Находясь в эйфории от отставки Горемыкина, депутаты, недовольно кривя лица, всё же проголосовали за предложенного императором премьер-министра.
1 марта Николай, по давно заведённой традиции присутствовал в Петропавловской крепости на панихиде по убитому революционерами своему деду, императору Александру Второму.
Полная интриг столица утомила его. Теперь царица доказывала мужу, что в Хвостове они ошиблись, доверив глупому толстяку пост министра внутренних дел, и его следует снимать с этой высокой должности.
Поразмышляв, 3 марта Николай отправил Хвостова в отставку, повелев быть министром внутренних дел Штюрмеру. Приняв это трудное решение, государь укатил в Ставку.

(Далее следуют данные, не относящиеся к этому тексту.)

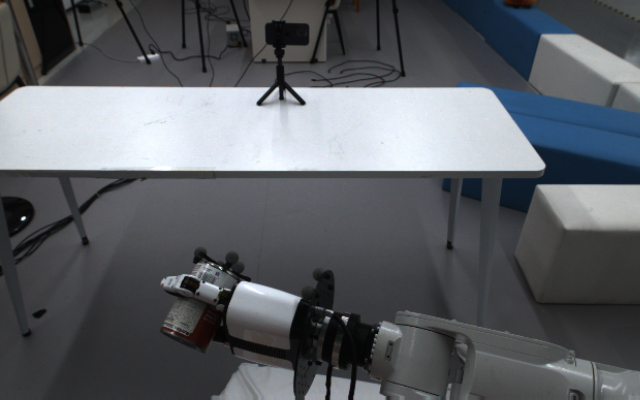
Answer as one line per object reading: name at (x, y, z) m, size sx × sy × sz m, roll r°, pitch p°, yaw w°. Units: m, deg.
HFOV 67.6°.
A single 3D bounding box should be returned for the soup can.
soup can at (-0.154, 0.141, 0.636) m, size 0.067 × 0.067 × 0.101 m, roll 15°, pitch 63°, yaw 18°

Но и здесь его ожидали проблемы кадровых вопросов.
Осенью прошлого года, приняв должность главнокомандующего, император, прочтя слезливое письмо члена Государственного Совета Алексея Николаевича Куропаткина, «генерала от поражений», как называли его в обществе, смилостивился, и в пику опальному великому князю Николаю Николаевичу, наотрез отказавшему Куропаткину, военные чины которого сохранились, в командовании воинским подразделением, дал тому Гренадёрский корпус, а в начале февраля доверил командование Северным фронтом, о чём тут же пожалел.

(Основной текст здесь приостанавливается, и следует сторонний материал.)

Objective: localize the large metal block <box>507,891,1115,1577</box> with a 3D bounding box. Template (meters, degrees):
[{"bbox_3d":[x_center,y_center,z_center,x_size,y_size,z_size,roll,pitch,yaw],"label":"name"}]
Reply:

8 марта новый начальник фронта произвёл безрезультатное наступление. Весна была ранняя, снег быстро таял, как и лёд на Двине. Разлившаяся, по выражению солдат: будто водка из опрокинутой бутылки, река, затопила равнину, а главкому Северным фронтом приспичило наступать.
«В русско-японскую следовало таким бодрячком быть», – ворчали солдаты, идя в бой по пояс в воде, и не имея возможности укрыться от огня противника.
На Западном фронте генерал Эверт тоже решил наступать, назначив ударной 2-ю армию, коей приказал атаковать на Свенцяны – Вильно.